The webcomics blog about webcomics

Lessons Learned

Quick programming note before we get started — I’ll be on site with a client for work at the start of next week, with the quality of connectivity unknown at this time. There may be late updates.

  • On the value of revisiting old work, Part The First: John Allison often takes a break to tell a side-story in between the arcs of Bad Machinery, though rarely as long as the 10 weeks since The Case of the Forked Road wrapped up. Allison scoffed at the notion of taking off for year-end holidays, and quickly settled into a seven-strips-a-week jaunt back to the days of Bobbins, a run which has seen a house blown up, a child wracked with guilt, Tim chased out of a second country, the return of a long-absent character, the rekindling of a long-ago relationship, and a birth under trying circumstances.

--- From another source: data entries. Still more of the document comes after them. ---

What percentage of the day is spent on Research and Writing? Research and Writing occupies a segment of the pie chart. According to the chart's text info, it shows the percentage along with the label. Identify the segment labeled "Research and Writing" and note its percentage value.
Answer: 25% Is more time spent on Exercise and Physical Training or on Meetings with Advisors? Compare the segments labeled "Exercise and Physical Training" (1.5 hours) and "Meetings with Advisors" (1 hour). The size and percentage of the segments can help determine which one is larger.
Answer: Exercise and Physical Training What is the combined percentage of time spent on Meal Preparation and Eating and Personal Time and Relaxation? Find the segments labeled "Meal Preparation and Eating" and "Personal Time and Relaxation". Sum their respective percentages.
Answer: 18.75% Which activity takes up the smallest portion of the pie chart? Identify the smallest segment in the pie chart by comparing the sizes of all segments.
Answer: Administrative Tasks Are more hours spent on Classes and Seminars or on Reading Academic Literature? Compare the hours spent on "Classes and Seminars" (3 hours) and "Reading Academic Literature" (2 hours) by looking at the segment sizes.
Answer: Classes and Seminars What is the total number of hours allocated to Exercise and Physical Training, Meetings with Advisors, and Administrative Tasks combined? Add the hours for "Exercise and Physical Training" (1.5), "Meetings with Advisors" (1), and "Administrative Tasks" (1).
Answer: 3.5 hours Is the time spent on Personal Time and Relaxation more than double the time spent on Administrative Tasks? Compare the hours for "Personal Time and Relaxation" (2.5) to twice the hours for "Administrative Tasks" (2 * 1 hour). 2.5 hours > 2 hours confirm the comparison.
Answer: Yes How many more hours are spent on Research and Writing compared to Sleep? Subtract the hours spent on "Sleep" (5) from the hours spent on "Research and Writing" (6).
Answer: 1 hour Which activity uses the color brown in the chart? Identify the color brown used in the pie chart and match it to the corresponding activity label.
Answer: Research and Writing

    Even better, revisiting old characters sometimes leads to a recharge of the creative batteries; Allison is ready to dive back into Bad Machinery, and with a vengeance:

    This run of Bobbins ends on Saturday. I couldn’t have imagined that something I re-started just because it made me laugh would have proved so popular. It’s really reminded me of the joy of daily cartooning and why I started all those years ago. I’ll be archiving all the pages from this run on the new Bobbins site, and I see no reason why we shouldn’t return to these characters another time. I’m sure I’ll do the odd strip from time to time prior to a longer run when the schedule allows/demands it.

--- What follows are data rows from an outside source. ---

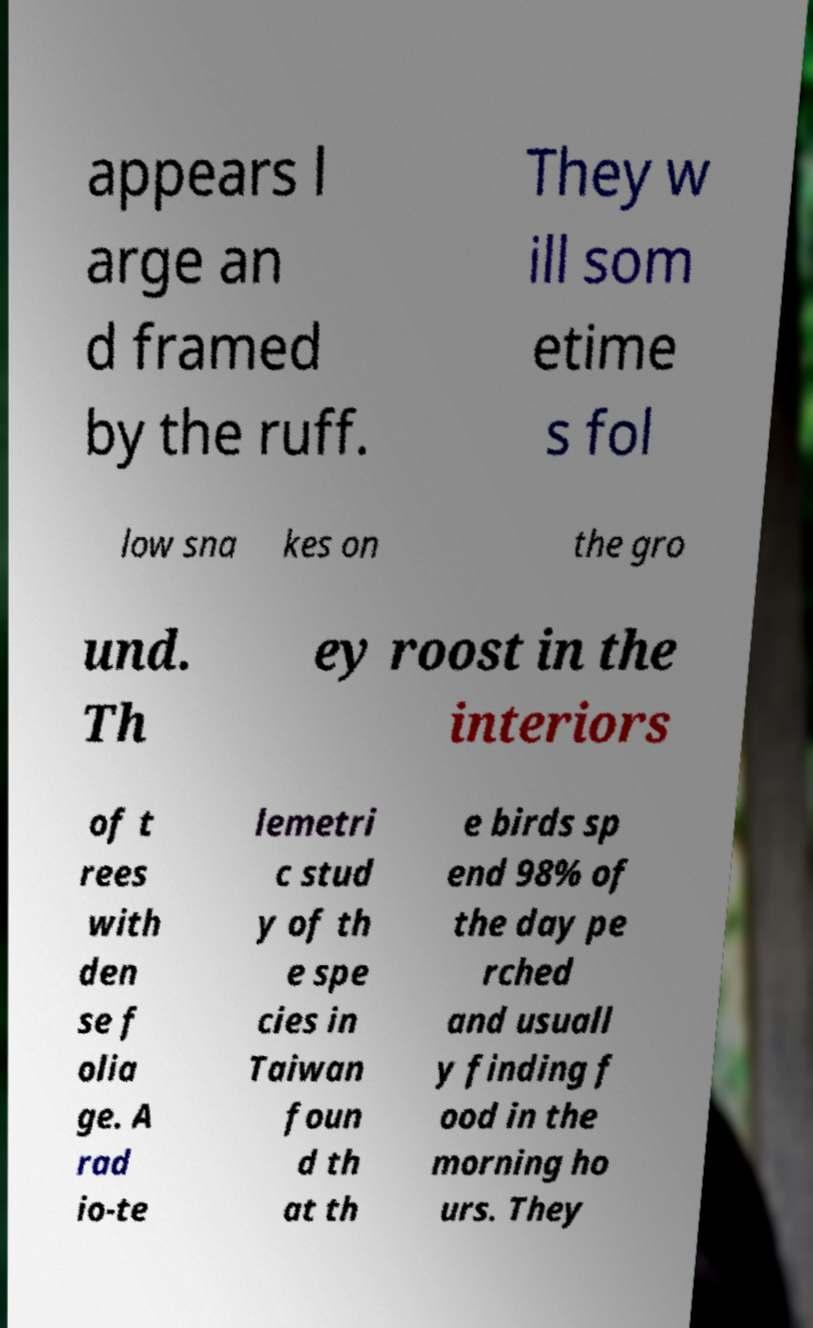Can you read and provide the text displayed in the image?This photo seems to have some interesting text. Can you extract and type it out for me? appears l arge an d framed by the ruff. They w ill som etime s fol low sna kes on the gro und. Th ey roost in the interiors of t rees with den se f olia ge. A rad io-te lemetri c stud y of th e spe cies in Taiwan foun d th at th e birds sp end 98% of the day pe rched and usuall y finding f ood in the morning ho urs. They 
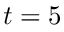Convert formula to latex. <formula><loc_0><loc_0><loc_500><loc_500>t = 5</formula> 
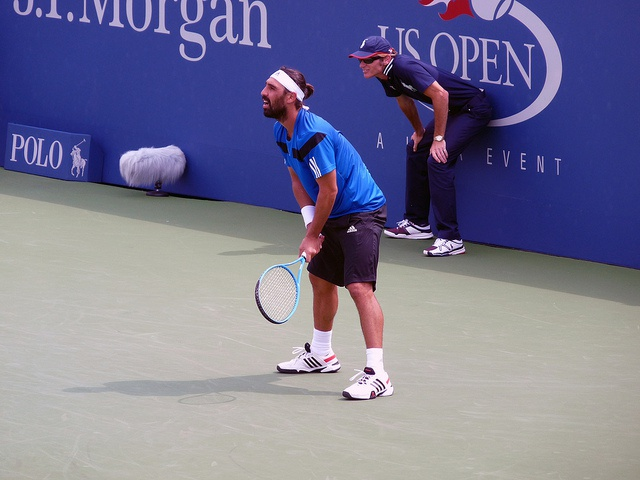Describe the objects in this image and their specific colors. I can see people in darkblue, black, lavender, maroon, and blue tones, people in darkblue, black, navy, maroon, and brown tones, and tennis racket in darkblue, lightgray, darkgray, and lightblue tones in this image. 
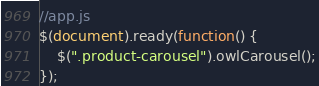<code> <loc_0><loc_0><loc_500><loc_500><_JavaScript_>//app.js
$(document).ready(function() {
	$(".product-carousel").owlCarousel();
});</code> 
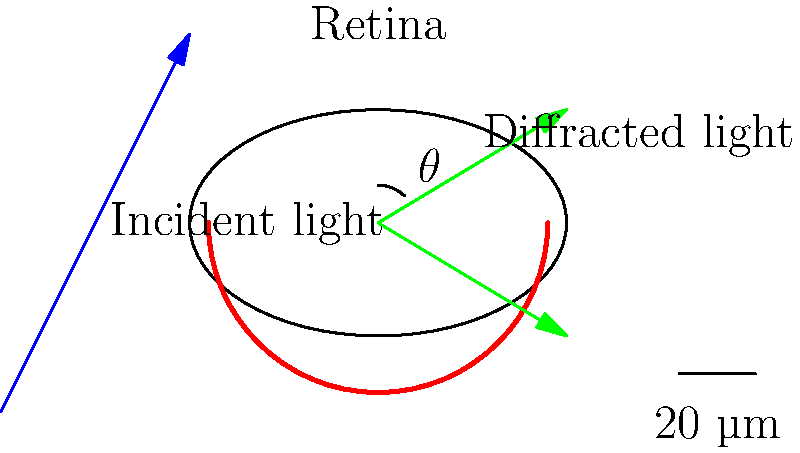In the diagram, light is shown diffracting through a diabetic retina. If the wavelength of the incident light is 500 nm and the angle $\theta$ between the central maximum and the first-order diffraction maximum is 15°, what is the approximate size of the retinal features causing the diffraction? To solve this problem, we'll use the diffraction grating equation:

1. The diffraction grating equation is:
   $$ d \sin \theta = m \lambda $$
   where:
   $d$ = size of diffracting features
   $\theta$ = angle between central maximum and first-order maximum
   $m$ = order of diffraction (1 for first-order)
   $\lambda$ = wavelength of light

2. We are given:
   $\theta = 15°$
   $\lambda = 500 \text{ nm}$
   $m = 1$ (first-order maximum)

3. Rearrange the equation to solve for $d$:
   $$ d = \frac{m \lambda}{\sin \theta} $$

4. Convert 15° to radians:
   $15° \times \frac{\pi}{180°} = 0.2618 \text{ radians}$

5. Substitute the values and calculate:
   $$ d = \frac{1 \times 500 \text{ nm}}{\sin(0.2618)} $$
   $$ d = \frac{500 \text{ nm}}{0.2588} $$
   $$ d \approx 1932 \text{ nm} \approx 1.93 \mu\text{m} $$

6. Round to two significant figures:
   $d \approx 1.9 \mu\text{m}$

This size is consistent with typical retinal features such as photoreceptor cells or small blood vessels that might be affected in diabetic retinopathy.
Answer: $1.9 \mu\text{m}$

    That means Bad Machinery returns on Sunday with The Case Of The Modern Men. I’ll continue to run strips seven days a week, and see how that works out. I think you’ll like this story, it kind of gets back to what I’m about. [emphasis added]

    That gives Tim one day to patch things up with Riley, get back to inventing with Scout, Erin and The Boy to decide where they are … Allison will pretty much have to revisit Bobbins to deal with all these stories waiting to be told. In the meantime, though — Lottie and Shauna and Mildred and Sonny and Linton and Jack await, and that’s always a good thing.

  • On the value of revisiting old work, Part The Second: It’s been a long damn time since Mac Hall wrapped up, a comic which will never let you think of sad girls and snow the same way again. It’s been a long damn time since creators Ian McConville and Matt Boyd shifted their concentration to Three Panel Soul, a concentration that has been interspersed on occasion with other concerns. So it’s maybe not surprising that in all that time, the original Mac Hall print collection (200o to 2002!) had disappeared into the aether, as the aether is where it’s returned to. Ten bucks on Gumroad, for your immediate gratification.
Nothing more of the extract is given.